Reputation: 113
I'm writing a dinky little script and I need to do a check on values.
size is going to be a float, or number with decimal point for example like 28.0.
For some reason whenever I run, I get this error:
while read -r line;
do
sample=$(echo $line | awk 'BEGIN{FS="/"}; {print $5}')
size=$(aws s3 ls --summarize --human-readable $line | grep "Total Size:" | awk 'BEGIN{FS=" "}; {print $3}')

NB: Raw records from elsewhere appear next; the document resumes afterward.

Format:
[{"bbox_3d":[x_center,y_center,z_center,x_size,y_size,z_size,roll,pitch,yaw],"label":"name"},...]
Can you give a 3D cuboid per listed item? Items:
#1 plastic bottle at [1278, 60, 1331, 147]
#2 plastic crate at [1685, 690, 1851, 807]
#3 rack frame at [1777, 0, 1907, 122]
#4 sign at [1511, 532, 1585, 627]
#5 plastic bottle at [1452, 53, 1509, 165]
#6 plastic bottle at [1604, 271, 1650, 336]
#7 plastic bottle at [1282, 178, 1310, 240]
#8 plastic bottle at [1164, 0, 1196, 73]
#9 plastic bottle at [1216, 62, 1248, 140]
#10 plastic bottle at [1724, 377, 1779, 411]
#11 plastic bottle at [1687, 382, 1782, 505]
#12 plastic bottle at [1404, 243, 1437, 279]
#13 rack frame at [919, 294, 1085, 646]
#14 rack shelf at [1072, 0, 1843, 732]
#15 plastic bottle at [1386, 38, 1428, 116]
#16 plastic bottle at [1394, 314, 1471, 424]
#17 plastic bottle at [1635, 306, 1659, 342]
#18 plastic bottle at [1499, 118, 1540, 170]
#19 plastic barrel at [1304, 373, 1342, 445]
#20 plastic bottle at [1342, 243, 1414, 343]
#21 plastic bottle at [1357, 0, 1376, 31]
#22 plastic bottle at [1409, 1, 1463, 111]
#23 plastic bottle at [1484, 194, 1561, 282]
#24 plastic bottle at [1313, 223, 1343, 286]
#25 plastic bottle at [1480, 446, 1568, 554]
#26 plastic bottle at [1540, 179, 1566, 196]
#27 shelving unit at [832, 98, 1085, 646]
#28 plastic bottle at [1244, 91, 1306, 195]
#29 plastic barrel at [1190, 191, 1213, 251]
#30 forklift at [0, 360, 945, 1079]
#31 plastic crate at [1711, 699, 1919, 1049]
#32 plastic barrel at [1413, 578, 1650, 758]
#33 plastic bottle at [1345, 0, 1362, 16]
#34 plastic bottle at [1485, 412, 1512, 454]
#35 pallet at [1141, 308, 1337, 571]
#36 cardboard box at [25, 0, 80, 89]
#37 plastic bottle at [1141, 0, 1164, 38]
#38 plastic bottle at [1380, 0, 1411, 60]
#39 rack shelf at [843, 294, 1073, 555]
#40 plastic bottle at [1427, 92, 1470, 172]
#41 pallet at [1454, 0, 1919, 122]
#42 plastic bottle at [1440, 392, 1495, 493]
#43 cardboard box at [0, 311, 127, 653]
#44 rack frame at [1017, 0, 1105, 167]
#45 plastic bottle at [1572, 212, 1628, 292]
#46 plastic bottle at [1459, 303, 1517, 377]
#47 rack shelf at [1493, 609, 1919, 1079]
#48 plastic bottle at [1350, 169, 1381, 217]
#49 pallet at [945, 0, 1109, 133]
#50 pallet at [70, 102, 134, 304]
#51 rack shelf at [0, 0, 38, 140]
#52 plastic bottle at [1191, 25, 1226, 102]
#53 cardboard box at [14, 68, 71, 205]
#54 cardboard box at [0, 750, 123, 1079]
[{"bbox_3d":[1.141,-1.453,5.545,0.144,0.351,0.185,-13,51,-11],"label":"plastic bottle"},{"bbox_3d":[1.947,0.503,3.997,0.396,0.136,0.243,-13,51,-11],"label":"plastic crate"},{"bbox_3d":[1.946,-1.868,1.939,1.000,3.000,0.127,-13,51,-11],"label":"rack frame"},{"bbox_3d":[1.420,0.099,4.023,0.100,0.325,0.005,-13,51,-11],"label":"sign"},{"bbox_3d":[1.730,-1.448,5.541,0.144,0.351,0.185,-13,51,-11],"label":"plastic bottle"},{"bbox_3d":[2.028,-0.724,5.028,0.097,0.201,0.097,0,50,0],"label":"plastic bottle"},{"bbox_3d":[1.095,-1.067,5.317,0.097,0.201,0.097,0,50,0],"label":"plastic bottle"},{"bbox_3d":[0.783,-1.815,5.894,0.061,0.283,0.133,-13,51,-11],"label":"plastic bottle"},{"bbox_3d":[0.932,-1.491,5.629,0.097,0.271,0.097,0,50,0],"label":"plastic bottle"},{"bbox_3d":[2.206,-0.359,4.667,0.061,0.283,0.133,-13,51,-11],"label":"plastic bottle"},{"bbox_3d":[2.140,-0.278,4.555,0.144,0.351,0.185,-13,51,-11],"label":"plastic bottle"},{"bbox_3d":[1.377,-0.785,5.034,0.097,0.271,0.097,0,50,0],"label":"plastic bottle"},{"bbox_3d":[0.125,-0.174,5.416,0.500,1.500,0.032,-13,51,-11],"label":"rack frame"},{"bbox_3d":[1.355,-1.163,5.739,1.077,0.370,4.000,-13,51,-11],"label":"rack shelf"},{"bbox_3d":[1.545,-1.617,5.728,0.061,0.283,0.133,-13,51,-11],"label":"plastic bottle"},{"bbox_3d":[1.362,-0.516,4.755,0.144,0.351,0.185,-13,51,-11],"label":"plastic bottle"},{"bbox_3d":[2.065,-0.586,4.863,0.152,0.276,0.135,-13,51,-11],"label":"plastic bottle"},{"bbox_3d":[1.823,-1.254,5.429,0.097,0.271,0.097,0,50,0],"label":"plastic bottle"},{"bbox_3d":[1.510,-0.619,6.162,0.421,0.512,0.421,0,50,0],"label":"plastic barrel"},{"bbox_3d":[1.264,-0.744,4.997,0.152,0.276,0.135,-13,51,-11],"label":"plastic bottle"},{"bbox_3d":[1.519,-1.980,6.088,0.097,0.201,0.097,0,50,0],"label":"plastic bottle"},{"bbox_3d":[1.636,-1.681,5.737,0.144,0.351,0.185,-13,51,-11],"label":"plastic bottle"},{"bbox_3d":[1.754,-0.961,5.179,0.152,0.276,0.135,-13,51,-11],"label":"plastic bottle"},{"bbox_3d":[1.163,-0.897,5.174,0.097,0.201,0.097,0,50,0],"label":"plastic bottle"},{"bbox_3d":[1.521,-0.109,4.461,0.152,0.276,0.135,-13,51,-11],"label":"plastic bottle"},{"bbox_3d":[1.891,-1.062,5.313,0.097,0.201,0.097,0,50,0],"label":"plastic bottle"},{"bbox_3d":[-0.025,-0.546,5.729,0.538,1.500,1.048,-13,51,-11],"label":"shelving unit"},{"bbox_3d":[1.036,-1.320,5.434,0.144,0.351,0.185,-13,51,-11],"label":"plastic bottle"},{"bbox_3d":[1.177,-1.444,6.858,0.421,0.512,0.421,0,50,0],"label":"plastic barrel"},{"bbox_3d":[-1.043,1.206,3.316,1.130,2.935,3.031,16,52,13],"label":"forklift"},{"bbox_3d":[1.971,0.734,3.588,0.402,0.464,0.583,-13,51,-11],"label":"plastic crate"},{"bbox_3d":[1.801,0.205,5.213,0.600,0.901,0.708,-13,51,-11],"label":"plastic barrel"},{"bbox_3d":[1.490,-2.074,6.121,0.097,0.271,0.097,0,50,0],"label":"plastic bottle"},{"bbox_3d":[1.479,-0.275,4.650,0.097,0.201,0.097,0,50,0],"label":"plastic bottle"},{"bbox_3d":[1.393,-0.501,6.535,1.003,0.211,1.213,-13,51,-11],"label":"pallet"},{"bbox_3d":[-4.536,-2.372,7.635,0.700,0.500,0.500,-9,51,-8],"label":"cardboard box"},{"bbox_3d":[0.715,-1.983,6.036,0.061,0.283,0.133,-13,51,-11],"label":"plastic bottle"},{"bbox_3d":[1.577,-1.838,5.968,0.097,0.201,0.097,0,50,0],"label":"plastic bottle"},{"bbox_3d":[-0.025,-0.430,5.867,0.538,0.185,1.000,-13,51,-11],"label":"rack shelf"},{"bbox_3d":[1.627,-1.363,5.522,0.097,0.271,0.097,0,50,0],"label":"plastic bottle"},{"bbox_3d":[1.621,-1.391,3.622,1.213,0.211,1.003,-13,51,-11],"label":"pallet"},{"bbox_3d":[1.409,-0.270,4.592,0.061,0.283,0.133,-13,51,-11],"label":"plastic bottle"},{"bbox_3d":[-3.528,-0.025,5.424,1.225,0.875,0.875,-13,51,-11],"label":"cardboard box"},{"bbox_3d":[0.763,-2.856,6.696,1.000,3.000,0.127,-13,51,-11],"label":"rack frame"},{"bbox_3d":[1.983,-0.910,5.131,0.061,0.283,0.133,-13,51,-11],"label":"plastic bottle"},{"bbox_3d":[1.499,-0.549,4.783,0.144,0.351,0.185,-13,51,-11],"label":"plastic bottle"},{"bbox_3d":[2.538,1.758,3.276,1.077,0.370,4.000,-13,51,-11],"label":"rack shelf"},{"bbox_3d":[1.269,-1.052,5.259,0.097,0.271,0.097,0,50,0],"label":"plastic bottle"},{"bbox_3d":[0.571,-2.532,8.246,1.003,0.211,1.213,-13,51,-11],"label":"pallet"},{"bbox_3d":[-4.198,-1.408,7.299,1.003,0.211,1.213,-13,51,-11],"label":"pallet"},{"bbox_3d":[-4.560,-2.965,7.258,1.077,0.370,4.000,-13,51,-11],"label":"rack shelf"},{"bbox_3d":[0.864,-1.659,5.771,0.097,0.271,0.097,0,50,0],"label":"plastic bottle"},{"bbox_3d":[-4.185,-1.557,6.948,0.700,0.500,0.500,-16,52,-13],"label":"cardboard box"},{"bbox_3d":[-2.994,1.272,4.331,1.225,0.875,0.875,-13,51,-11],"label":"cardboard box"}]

# aws s3 cp $line ./crams/
if [[ $( echo "${size} < 20" | bc ) -eq 1 ]]; then
echo "${sample}\t${size}"
fi
done < $1
download-aws.sh: 6: download-aws.sh: [[: not found
Any thoughts???
Also if you know of a better way to do the comparison of a float to a int... that'd be great!
Thanks
EDIT:
So I found a solution, I changed the if statement to:
if [ $( echo "${size} < 20" | bc ) -eq 1 ]; then
If anyone could point me in the direction of some awesome explanations of the logic behind the brackets etc... that'd be amazing!
Upvotes: 1
Views: 602
Reputation: 121669
From "Bourne Shell built-ins" documentation:
https://www.gnu.org/software/bash/manual/html_node/Bourne-Shell-Builtins.html
test [ test expr Evaluate a conditional expression expr and return a status of 0 (true) or 1 (false). Each operator and operand must be a separate
argument. Expressions are composed of the primaries described below in Bash Conditional Expressions. test does not accept any options, nor does it accept and ignore an argument of -- as signifying the end of options.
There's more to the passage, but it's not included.